YOUR OBJECTIVE:
Search the material for the word "underline" and report each line where it turns up.

RECORDED DATA:
____________

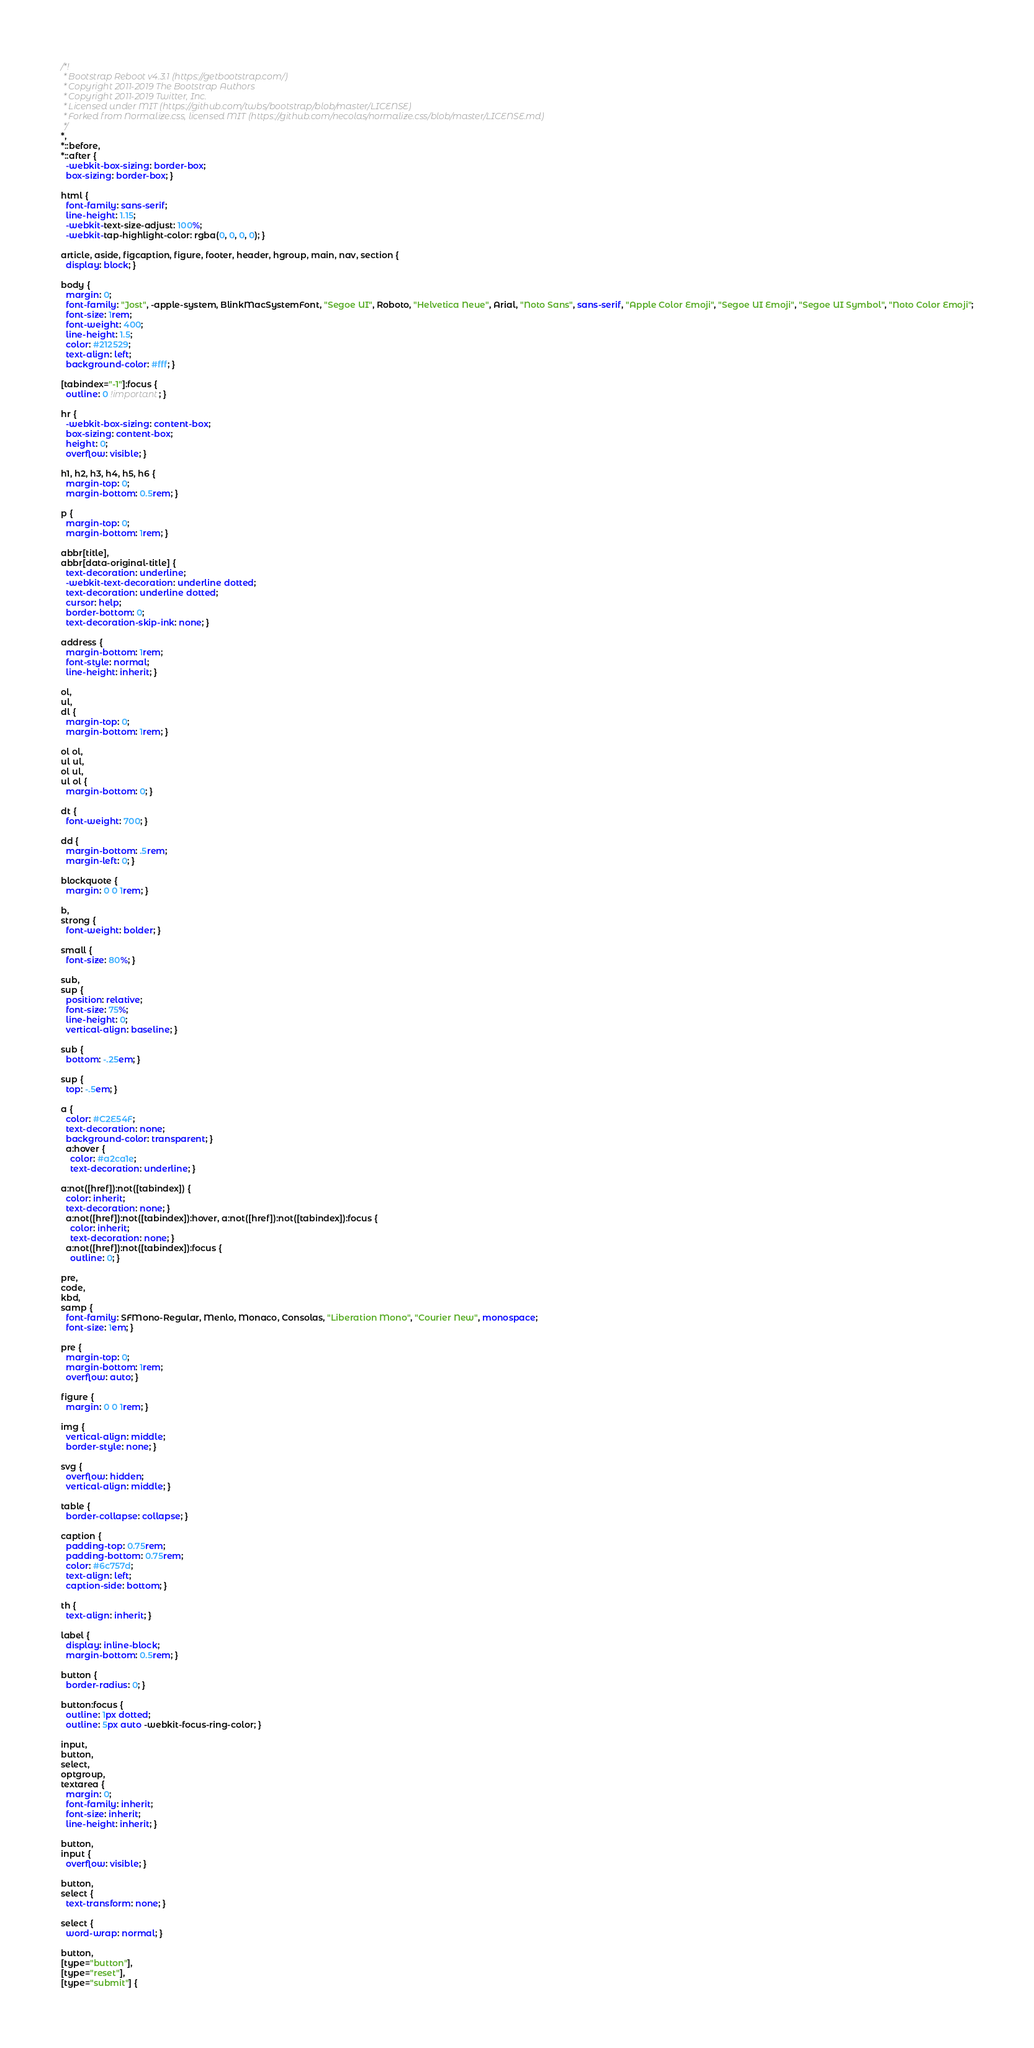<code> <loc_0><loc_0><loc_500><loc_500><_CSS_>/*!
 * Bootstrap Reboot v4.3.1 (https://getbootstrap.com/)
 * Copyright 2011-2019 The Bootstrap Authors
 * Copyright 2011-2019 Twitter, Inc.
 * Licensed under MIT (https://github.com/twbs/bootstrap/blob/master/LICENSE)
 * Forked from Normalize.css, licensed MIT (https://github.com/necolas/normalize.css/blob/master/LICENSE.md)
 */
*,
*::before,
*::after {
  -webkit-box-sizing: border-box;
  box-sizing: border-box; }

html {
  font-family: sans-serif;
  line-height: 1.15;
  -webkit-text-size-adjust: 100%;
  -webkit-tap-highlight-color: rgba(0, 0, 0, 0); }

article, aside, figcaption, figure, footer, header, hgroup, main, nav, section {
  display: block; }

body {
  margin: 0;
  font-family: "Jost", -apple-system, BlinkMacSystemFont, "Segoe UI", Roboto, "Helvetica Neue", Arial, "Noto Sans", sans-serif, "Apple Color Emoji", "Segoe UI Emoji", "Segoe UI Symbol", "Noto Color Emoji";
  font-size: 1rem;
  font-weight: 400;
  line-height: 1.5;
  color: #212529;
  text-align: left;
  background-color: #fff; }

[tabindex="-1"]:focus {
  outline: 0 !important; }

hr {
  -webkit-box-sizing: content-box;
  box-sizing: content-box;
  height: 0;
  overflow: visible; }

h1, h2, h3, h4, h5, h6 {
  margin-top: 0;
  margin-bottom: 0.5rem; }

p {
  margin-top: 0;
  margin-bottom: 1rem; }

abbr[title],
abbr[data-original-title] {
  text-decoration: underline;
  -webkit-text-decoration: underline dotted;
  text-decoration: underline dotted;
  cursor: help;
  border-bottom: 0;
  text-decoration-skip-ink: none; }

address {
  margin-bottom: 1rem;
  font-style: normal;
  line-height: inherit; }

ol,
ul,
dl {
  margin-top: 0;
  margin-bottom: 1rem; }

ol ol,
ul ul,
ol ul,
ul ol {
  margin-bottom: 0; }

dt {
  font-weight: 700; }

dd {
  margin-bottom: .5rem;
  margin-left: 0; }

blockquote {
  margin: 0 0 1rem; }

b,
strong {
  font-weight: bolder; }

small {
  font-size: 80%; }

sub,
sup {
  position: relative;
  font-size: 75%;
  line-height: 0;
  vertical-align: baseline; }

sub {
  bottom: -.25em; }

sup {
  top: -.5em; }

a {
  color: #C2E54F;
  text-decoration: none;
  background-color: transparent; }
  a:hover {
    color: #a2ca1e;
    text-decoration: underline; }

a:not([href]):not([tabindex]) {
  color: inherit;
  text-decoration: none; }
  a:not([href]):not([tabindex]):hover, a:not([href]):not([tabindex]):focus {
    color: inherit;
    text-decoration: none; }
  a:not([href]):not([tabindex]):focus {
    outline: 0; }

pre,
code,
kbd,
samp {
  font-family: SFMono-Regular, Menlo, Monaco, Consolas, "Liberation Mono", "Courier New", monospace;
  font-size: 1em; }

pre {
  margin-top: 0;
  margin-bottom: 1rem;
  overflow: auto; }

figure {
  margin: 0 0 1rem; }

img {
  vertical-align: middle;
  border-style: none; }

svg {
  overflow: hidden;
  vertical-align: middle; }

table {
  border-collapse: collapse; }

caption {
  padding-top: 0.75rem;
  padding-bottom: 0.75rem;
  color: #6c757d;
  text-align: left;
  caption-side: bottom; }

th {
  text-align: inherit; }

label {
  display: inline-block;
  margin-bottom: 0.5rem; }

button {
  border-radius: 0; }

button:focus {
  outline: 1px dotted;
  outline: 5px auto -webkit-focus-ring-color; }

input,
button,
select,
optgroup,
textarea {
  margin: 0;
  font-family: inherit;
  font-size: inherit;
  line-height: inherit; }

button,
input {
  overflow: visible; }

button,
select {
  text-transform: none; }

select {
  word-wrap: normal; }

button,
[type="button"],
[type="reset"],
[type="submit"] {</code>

____________

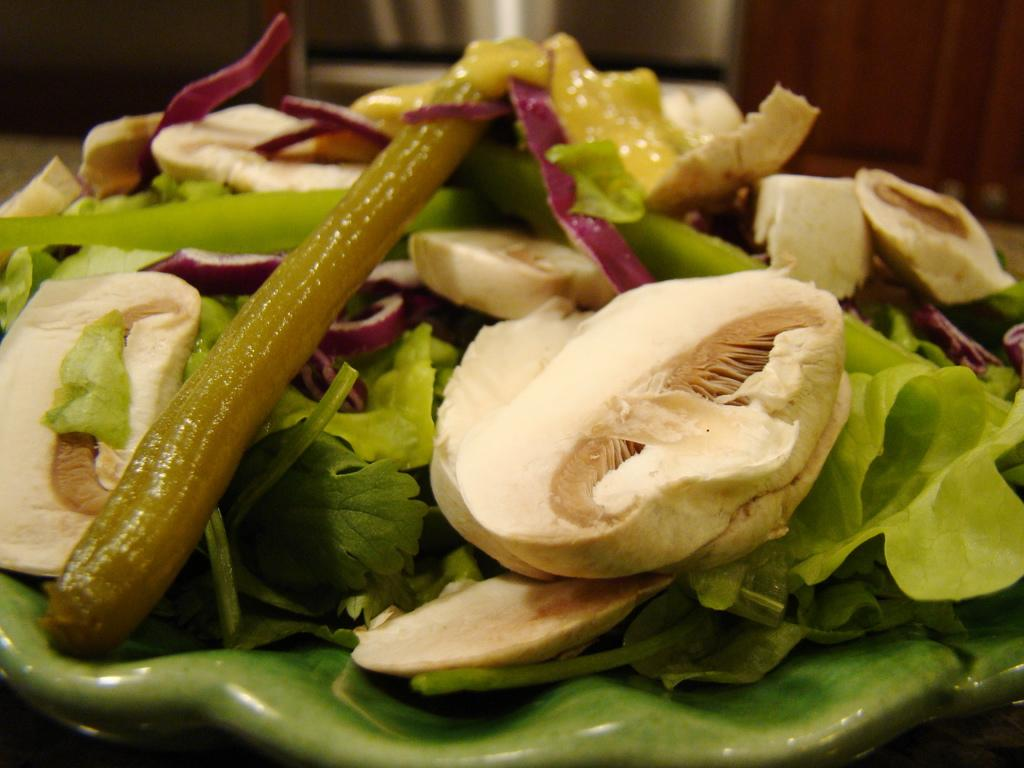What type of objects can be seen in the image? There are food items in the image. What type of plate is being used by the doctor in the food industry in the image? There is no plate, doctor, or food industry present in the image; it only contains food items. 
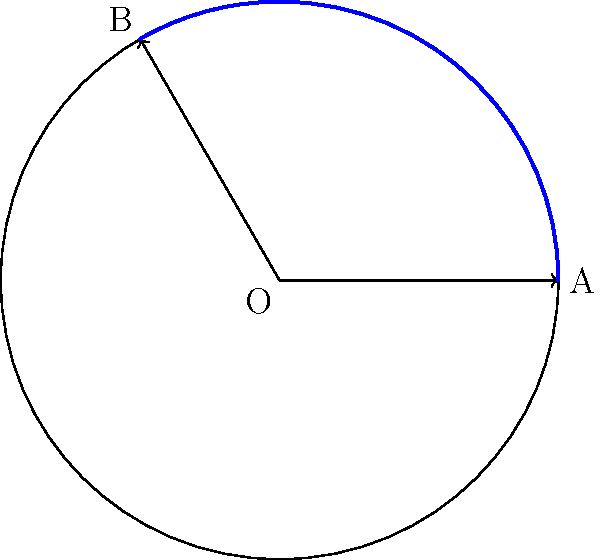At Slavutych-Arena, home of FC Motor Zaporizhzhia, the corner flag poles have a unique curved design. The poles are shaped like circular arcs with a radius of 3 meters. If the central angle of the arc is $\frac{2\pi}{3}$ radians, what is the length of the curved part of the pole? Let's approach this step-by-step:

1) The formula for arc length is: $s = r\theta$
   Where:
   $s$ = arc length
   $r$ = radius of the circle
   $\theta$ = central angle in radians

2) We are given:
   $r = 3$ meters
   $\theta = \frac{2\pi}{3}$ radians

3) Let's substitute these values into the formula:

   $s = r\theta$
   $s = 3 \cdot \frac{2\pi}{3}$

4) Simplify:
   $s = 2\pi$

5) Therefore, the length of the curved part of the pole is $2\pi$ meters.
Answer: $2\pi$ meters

____________

FINISHED TASK:
  text-decoration: underline;
  -webkit-text-decoration: underline dotted;
  text-decoration: underline dotted;
    text-decoration: underline; }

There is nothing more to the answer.